Municipality of Rio Grande do Sul, Brazil

Frederico Westphalen is a southern Brazilian town located in the state of Rio Grande do Sul.

==History==
The first migrants arrived in 1918, when the first trails were opened, before the definitive road, which took 10 years to be built, between Boca da Picada (current municipality of Seberi) and Águas do Mel (current city of Iraí).

The first carters, under the command of a merchant who had settled in Boca da Picada, transported manufactured goods and agricultural produce.

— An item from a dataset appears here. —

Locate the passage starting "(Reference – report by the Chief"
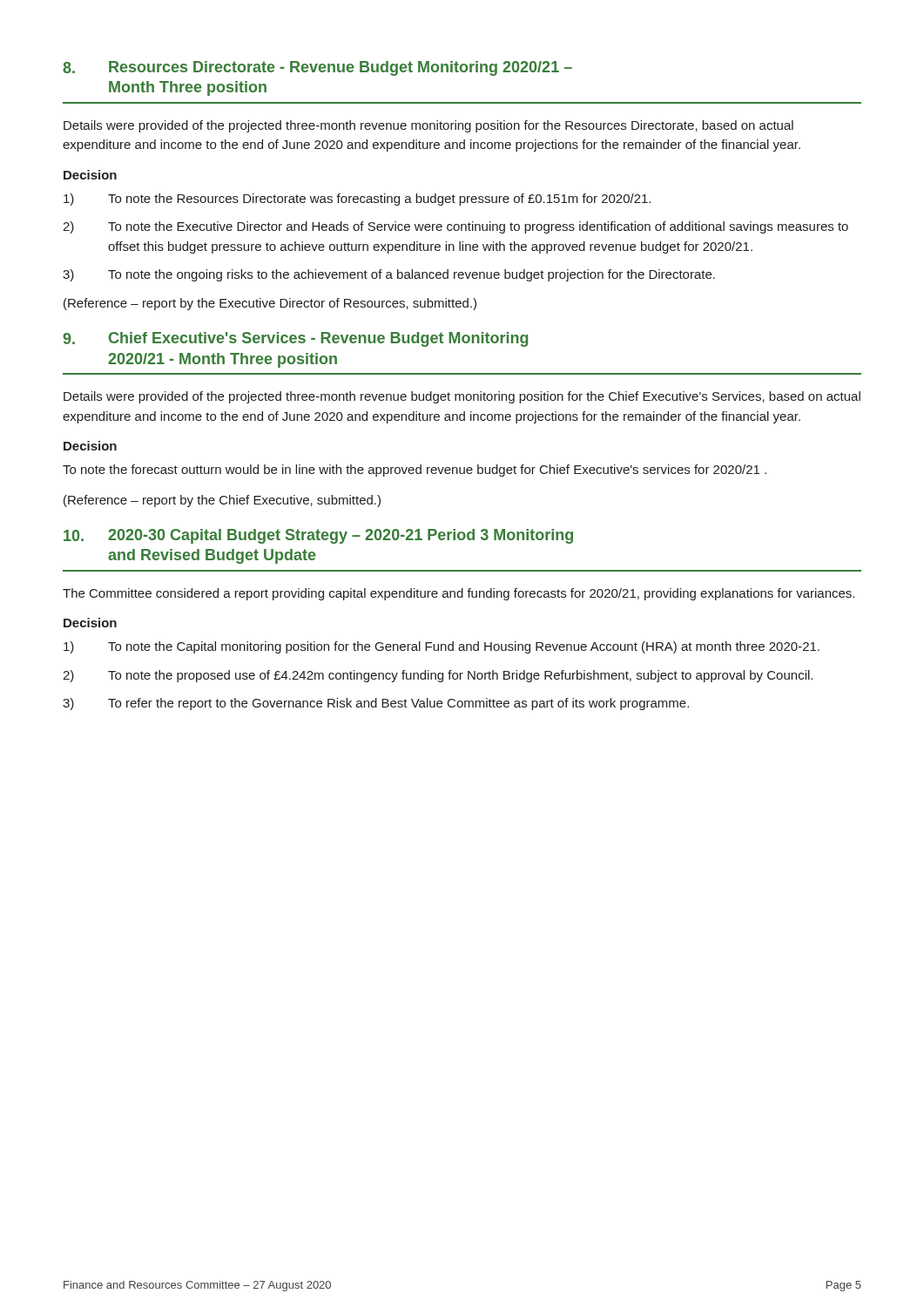pos(222,499)

On one of these trips, a barrel of brandy fell from the cart, damaging the lid. In order not to throw the container away, they had the idea of placing it upside down over a spring, under a shaded area, inserting a bamboo stick in the side hole. The location of the barrel by the roadside, with clean water and plenty of shade, contributed to the emergence of the expression “I will rest, eat and sleep in the barrel”. Thus the village grew in the jungle of the Alto Uruguai Valley, and began to be called simply “Barril”, a name that remained for years - and still remains as a municipal symbol.

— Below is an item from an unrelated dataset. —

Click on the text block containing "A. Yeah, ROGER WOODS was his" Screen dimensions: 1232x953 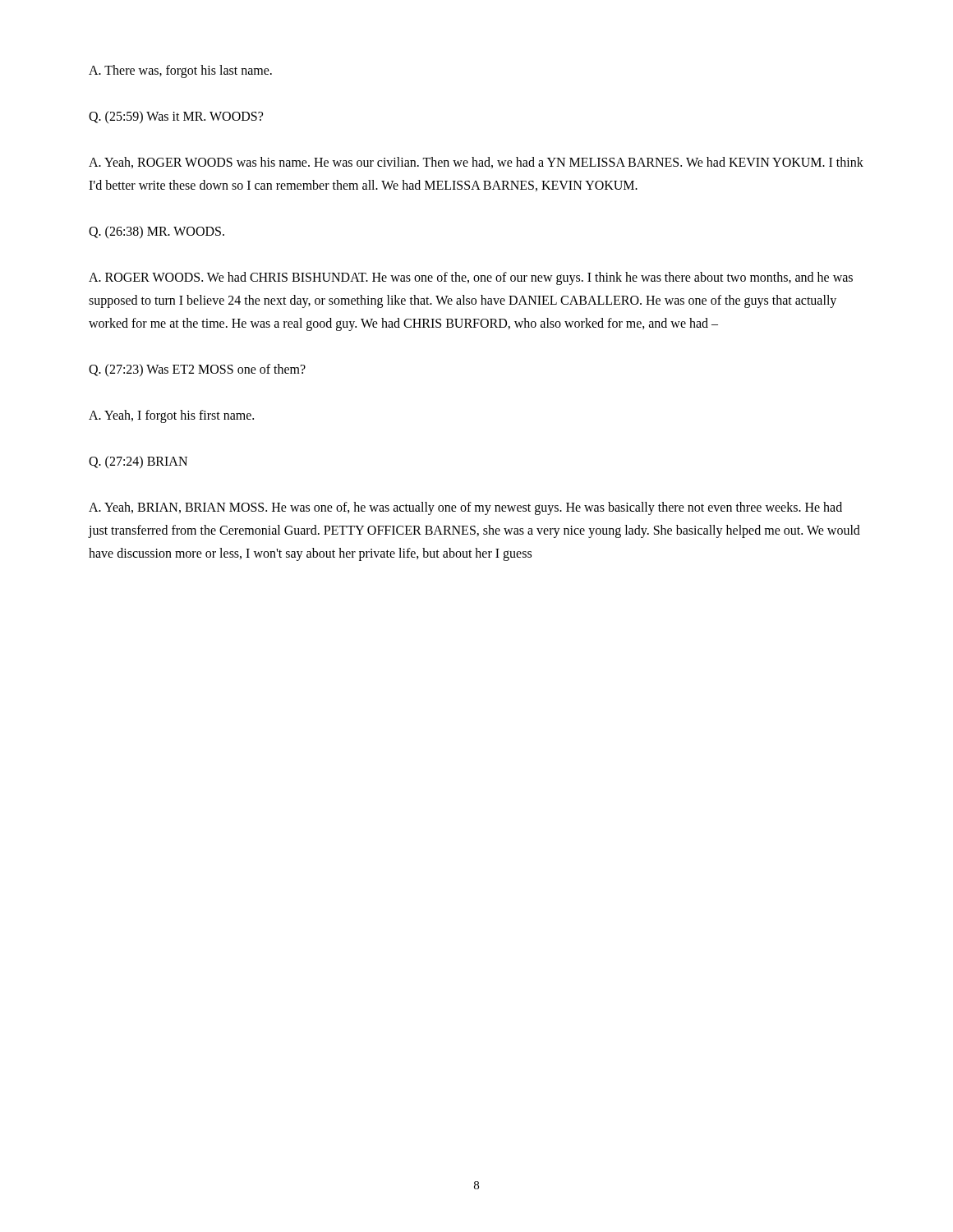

Later, by Decree 30 of the Mayor of Palmeira das Missões, by decision of a residents' assembly, the name Vila Frederico Westphalen was established, honoring the engineer who colonized the region under the command of the State Government. Frederico Westphalen is buried in the Santa Casa de Misericórdia Cemetery in Porto Alegre.

==Economy==
The economy of the region is based on the food processing industries, furniture industries and agriculture. Despite this, the economy of the city of Frederico Westphalen has been diversified greatly in the past twenty years, becoming largely commerce and service based.

==Geography==
===Neighbor cities===
Frederico Westphalen has frontiers with the towns of Iraí, Vicente Dutra, Caiçara, Vista Alegre, Taquaruçu do Sul, Seberi, Cristal do Sul and Ametista do Sul.

===Access===
Two roads give access to the town: BR-386 and RS-150

===Climate===
The climate is Sub-tropical with two well defined seasons: Summer (October to April) and Winter (May to September).

==Media==
The town has two local newspapers, one called O Alto Uruguai and other called Folha do Noroeste, and two radio stations, Rádio Luz e Alegria and Rádio Comunitária.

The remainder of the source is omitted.